Upchurch v. Chaney

SEARS, Chief Justice.

After Harold Upchurch submitted the successful bid at a judicial sale, the receiver who conducted the sale moved the trial court to confirm it. The trial court refused to confirm the sale, however, stating that the appellees’ confusion regarding the acceptable method of payment at the judicial sale rendered the sale invalid. Upchurch appeals. Because the evidence shows that the sale was properly and fairly held, and that any purported confusion resulted from the appellees’ own failure to adequately prepare for the sale, and did not affect the results of the sale, the trial court abused its discretion by refusing to confirm it. Accordingly, we reverse.

When this matter appeared before this Court previously, we affirmed the trial court’s decision to order an equitable partition and judicial sale of the disputed property.1 After being properly advertised in the county’s legal organ,2 the judicial sale was conducted on the Harris County courthouse steps on August 2, 2005, the first Tuesday of the month.3 The receiver announced the terms of the sale, and that the winning bid could be submitted by cash, cashier’s check, or certified check, but not by personal check. Appellees voiced no objection at that time. The appellees’ highest bid was $241,000. Upchurch submitted the ultimately successful bid of $245,000, which he paid by a cashier’s check that had been issued by a local bank insured by the Federal Deposit Insurance Corporation.
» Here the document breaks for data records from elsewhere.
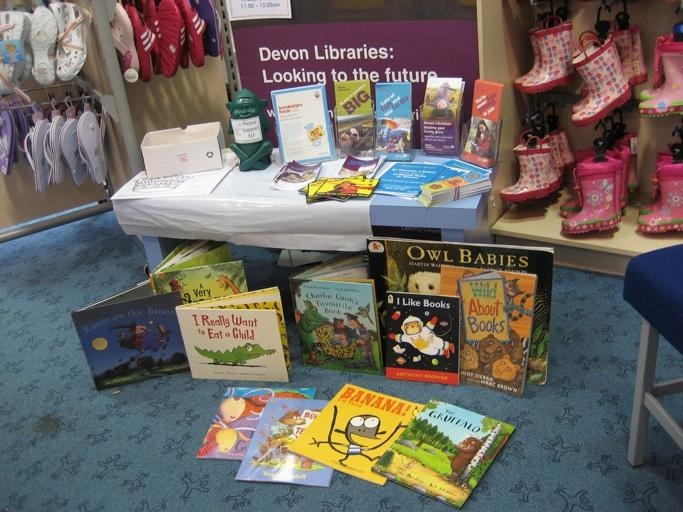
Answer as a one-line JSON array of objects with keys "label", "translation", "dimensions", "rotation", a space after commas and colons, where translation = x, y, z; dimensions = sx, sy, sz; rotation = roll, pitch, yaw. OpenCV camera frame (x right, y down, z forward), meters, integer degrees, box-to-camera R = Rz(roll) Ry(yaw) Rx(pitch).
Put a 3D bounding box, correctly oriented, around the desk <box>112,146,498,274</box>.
[{"label": "desk", "translation": [-0.274, -0.173, 2.115], "dimensions": [1.151, 0.523, 0.609], "rotation": [4, 46, 9]}]
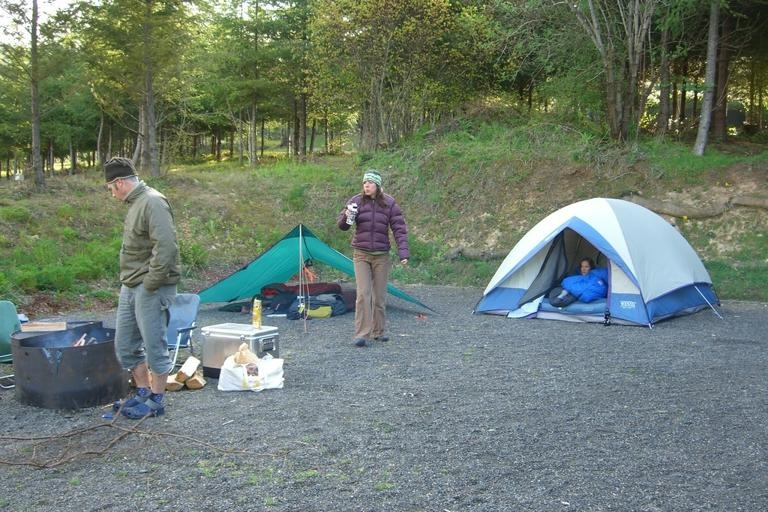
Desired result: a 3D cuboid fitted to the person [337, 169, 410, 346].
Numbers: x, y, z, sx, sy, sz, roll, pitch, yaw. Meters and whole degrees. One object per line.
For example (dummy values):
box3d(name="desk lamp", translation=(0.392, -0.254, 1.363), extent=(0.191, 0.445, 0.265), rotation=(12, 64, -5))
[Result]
box3d(name="person", translation=(-0.157, 0.026, 14.795), extent=(1.190, 3.184, 0.735), rotation=(-2, 5, -11))

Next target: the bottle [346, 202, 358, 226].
box3d(name="bottle", translation=(-0.588, -0.766, 14.723), extent=(0.202, 0.401, 0.287), rotation=(0, 5, 14))

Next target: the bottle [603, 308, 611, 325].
box3d(name="bottle", translation=(4.435, 1.230, 15.778), extent=(0.190, 0.245, 0.096), rotation=(1, -3, 22))

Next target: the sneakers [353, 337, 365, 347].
box3d(name="sneakers", translation=(-0.447, 1.580, 14.499), extent=(0.171, 0.107, 0.134), rotation=(3, -2, -7))

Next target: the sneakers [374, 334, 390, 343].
box3d(name="sneakers", translation=(-0.054, 1.544, 14.820), extent=(0.296, 0.194, 0.107), rotation=(-1, 3, -1))

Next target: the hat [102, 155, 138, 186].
box3d(name="hat", translation=(-4.065, -1.306, 12.206), extent=(0.486, 0.321, 0.344), rotation=(-8, 16, -21))
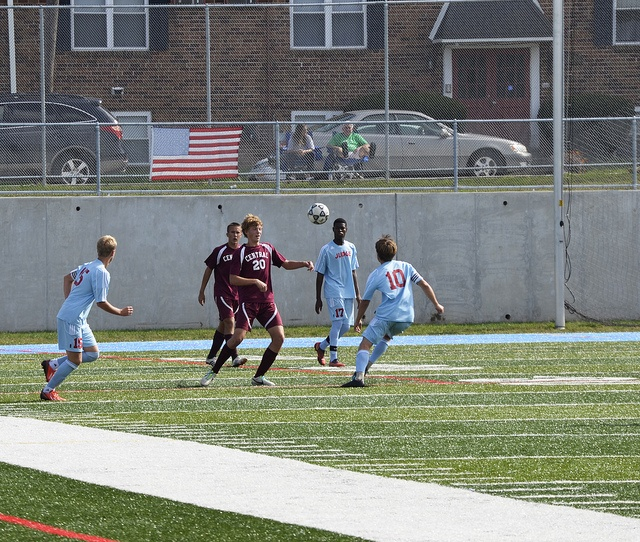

The receiver then filed a motion to confirm the sale. In spite of the fact that the sale complied with the statutory requirements for a judicial sale,4 the appellees objected, claiming that they believed that the trial court’s order that the sale be conducted “for cash” meant that only hard currency, rather than a cashier’s check, would be acceptable as payment. The trial court ordered that the sale be set aside.5

If the appellees suffered from any confusion concerning the sale, however, it resulted from their own failure to adequately prepare for the sale. The trial court’s order that the sale would be conducted “for cash” was plainly meant to distinguish the sale from one conducted “for credit,” not to require the successful bidder to tender actual hard currency.6 OCGA § 9-13-166 plainly states that the winning bid in a *892“for cash” judicial sale can be tendered by cash, certified check, or cashier’s check. The important feature of a “for cash” judicial sale is not the tender of actual hard currency, but rather the tender of immediately available funds instead of the mere promise of future payment. The cashier’s check tendered by Upchurch, as distinguished from an unacceptable personal check, reflected the fact that Upchurch had sufficient funds immediately available to cover the payment.

Decided September 18, 2006. Funderburk, Day & Lane, Bradford C. Dodds, for appellant. Jesse L. Young, Meacham, Earley & Jones, Karen D. Earley, for appellees.

The plain purpose of OCGA § 9-13-166, then, is to recognize the obvious impracticality of forcing a bidder in a “for cash” sale to tender a briefcase full of money on the courthouse steps. In this context, the cashier’s check tendered by Upchurch was the statutory and functional equivalent of a cash payment. Because of the plain language and purpose of OCGA § 9-13-166, the appellees should have suffered from no confusion.

Moreover, the appellees’ own statements show that they were not harmed by their alleged confusion regarding the method of payment. At the motion to confirm the sale, appellees testified that they did not have any more cash available than their highest bid of $241,000.7 Thus, they could not have obtained a cashier’s check for any more than that amount, and any confusion regarding the appropriate method of payment made no difference in the outcome of the sale.

Because the judicial sale was properly conducted, and the appel-lees’ alleged confusion resulted from their own failure to diligently prepare for the sale and, in any event, had no effect on the sale, the trial court abused its discretion in refusing to confirm the sale. Accordingly, we reverse.

Judgment reversed.

All the Justices concur.

Chaney v. Upchurch, 278 Ga. 515 (603 SE2d 255) (2004).

OCGA§ 9-13-140 (a).

OCGA§ 9-13-161 (a).

OCGA § 9-13-140 et seq.

OCGA§ 9-13-172.

See, e.g., McLendon v. Harrell, 67 Ga. 440, 443 (1881) (“cash, not credit, is that which the law requires [the Sheriff] to exact from every bidder.”).

Interestingly, appellees also testified at the hearing that they brought no cash to the sale, in spite of the fact that they submitted a high bid of $241,000 while purportedly believing that only cash would be an acceptable form of payment.